肥満を伴う2型糖尿病患者では、糖尿病を発症してから6年以内であれば、食事療法と運動療法を徹底させれば、糖尿病を完治できる可能性があることが、英国の「DiRECT」研究で明らかになった。
体重コントロールに着目した新しいアプローチ
生活スタイルを改善し、食事療法と運動療法をしっかり行い、体重をコントロールすることで、2型糖尿病の人の半分近くは、事実上「糖尿病を完治した」状態を維持できることが、英国で実施されている「DiRECT」(糖尿病を寛解するための臨床試験)で明らかになった。

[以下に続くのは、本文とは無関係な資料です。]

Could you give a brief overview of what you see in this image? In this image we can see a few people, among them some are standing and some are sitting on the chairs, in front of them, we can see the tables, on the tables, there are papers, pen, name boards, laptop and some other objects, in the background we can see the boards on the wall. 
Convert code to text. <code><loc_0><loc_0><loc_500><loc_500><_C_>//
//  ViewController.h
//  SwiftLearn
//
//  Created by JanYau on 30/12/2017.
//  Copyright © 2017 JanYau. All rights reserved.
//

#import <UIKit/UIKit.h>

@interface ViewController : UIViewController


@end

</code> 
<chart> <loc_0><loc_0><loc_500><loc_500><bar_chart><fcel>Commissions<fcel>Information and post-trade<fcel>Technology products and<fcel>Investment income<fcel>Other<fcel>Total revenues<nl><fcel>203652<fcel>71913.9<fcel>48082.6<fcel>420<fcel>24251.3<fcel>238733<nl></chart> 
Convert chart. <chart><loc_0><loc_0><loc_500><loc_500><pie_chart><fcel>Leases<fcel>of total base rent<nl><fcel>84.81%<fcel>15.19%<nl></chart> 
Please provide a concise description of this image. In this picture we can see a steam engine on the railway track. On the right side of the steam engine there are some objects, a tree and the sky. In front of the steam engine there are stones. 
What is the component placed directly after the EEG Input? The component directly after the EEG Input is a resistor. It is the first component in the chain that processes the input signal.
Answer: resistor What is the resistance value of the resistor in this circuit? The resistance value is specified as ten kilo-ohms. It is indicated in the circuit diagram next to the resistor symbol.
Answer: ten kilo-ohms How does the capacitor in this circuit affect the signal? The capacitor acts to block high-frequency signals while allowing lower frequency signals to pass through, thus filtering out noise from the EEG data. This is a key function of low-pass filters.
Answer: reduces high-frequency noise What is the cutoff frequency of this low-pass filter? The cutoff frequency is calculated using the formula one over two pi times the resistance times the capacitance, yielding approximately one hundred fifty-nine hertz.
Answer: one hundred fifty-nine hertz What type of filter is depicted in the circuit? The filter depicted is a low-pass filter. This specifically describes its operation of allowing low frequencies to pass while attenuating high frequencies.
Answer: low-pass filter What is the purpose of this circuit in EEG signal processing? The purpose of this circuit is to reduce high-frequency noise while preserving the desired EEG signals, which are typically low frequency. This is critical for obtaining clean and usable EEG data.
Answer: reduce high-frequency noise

やり遂げると薬物療法を完全にやめられる、もしくは量を減らすこともできるという。詳細は医学誌「Cell Metabolism」に掲載された。
「DiRECT」研究は、英国のニューキャッスル大学のロイ テイラー教授とグラスゴー大学のマイク リーン教授に率いられ実施されている。2型糖尿病患者298人が参加し、体重コントロールに着目した新しいアプローチにより、2型糖尿病をどれだけ改善できるかを調べている。
介入プログラムに参加した患者は、徹底した低カロリー食を続け、ウォーキングなどの運動を毎日行い、専門のスタッフによるストレスへの対処や睡眠などについてのアドバイスを受けている。
2型糖尿病の多くで、膵臓は血糖値を調整するホルモンであるインスリンを十分に産生できなくなる。肥満のある人の多くが、体重を減らし肥満を解消することで、糖尿病を発症する前の状態に戻せることが判明した。
関連情報
β細胞を「再起動」 糖尿病から離脱
研究で得られた知見は、「糖尿病を一度発症すると、生涯にわたり"治った"と同じ状態を維持できても、完治することはない」という従来の定説を覆すものだ。
「2型糖尿病の早期治療では、薬物療法を開始するとともに、食事や運動などの生活習慣の改善が指導されていますが、現実には医療現場は多忙であり、生活習慣の指導は控えめに行われている傾向があります」と、テイラー教授は言う。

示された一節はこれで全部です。